We want a positive level of saving and investment to boost our capital stock — but in the final years of the Badawi government, and now under Prime Minister Najib, we literally have seen investment drop off a cliff.

To put this in more concrete terms, what this means is that foreigners are refusing to invest in Malaysia, and Malaysians insist on investing their money overseas.

A back of the envelope calculation suggests that last year, Malaysians invested almost as much money in the entire Australian property market alone as foreigners invested in the whole of Malaysia.

Investors, both Malaysian and foreign, have completely lost confidence in our country — nobody wants to put money in Malaysia, and so our savings are flowing out of the country, instead of being invested in local enterprise.

Even if you don’t invest directly, you are still probably being screwed. The Employees’ Provident Fund (EPF), eschewing the best practices of most other public pension funds around the world, concentrates its investments solely in Malaysia, ensuring our employees’ pensions are subject to the risk of putting all their eggs in one single basket. Worse still, the Ministry of Finance manipulates the EPF portfolio at will to artificially prop up our stock market.

In other words, our financial markets are a farce built upon the farce of the EPF.

And speaking of economic farces, only about 10 per cent of working age Malaysians, or 1.5 million people, pay taxes. This isn’t because of massive tax evasion — it’s because only 1 out of every 10 Malaysians even earns enough to qualify for the income tax.

Even if we assume every last one of these Malaysians is a professional, square that with the 500,000 Malaysian professionals overseas. One out of every four Malaysian professionals lives and works abroad — our human capital stock stands at only 75 per cent of its full potential, and it is falling; last year, the emigration rate nearly doubled.

At home, our schools and universities are not training high-value workers, and our economy is distorted by rent-seekers.

When my father began working as an engineer thirty years ago, his salary was in the RM1,000 to RM2,000 range. That is still the case for a young engineer starting today—despite massive inflation and rising costs of living. Things are so bad that most of these young workers — who by right should be skilled professionals, commanding high wages — are not even eligible to pay income tax.

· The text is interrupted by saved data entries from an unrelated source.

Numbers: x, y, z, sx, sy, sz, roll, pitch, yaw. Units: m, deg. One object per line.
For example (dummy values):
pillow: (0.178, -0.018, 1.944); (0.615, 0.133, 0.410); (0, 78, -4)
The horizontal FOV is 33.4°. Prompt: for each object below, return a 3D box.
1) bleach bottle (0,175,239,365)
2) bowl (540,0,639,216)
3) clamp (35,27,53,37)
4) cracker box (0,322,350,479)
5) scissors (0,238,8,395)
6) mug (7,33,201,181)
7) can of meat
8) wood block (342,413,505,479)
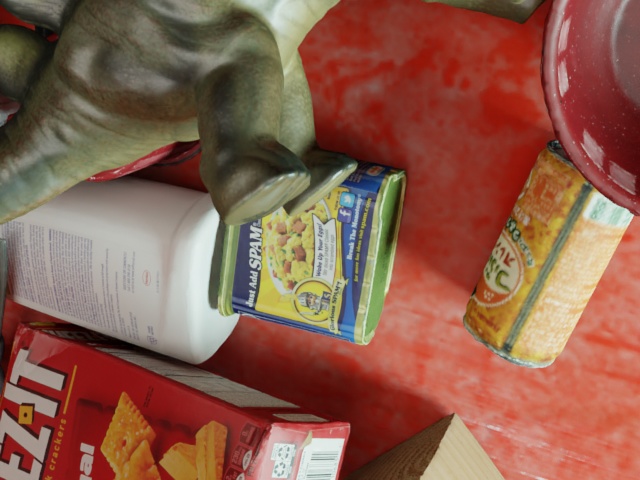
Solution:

It’s no wonder people are losing faith in Malaysia. We have no plan to fix our fundamentals.

Our school system discourages innovation in favour of accepting orders from above; our economic system stifles entrepreneurship in favour of corrupt rent-seeking.

Our prosperity is pump-primed by petroleum and forestry — when we run out of these resources, without any human capital or meaningful industrial enterprises, our economy will collapse.

Instead of bravely confronting these realities, Prime Minister Najib is content to proclaim our recovery from the global recession — as if all will be nice and dandy now.

He should be announcing an ambitious policy to reverse our capital outflows, reduce our dependence on natural resources, and improve our human capital.

This is a crisis in the making — with no investment, we cannot build up our industry, and with no human capital, we cannot compete in the knowledge economy; the problem goes beyond a short-term recession.

But these things do not concern Najib’s regime.

After all, this is a regime of propaganda, not results. The government under Najib now brazenly seizes books it doesn’t like from bookstores across the country. It blatantly rewrites history by contradicting Tengku Razaleigh, who helped draw up the original petroleum royalty agreements with the states.

There is no policymaking here—just propaganda.

The Barisan Nasional government is simply a ship of fools, content to lead us to disaster. They have no vision for the country, no idea of the massive challenges we face or any intention to face such challenges to begin with.

All this government does is pat itself on the back for putting on a good show. We deserve a government which lives in reality, not the neverland of 1 Malaysia. Why is this regime of “no action, talk only” supposed to be so much better than the alternatives?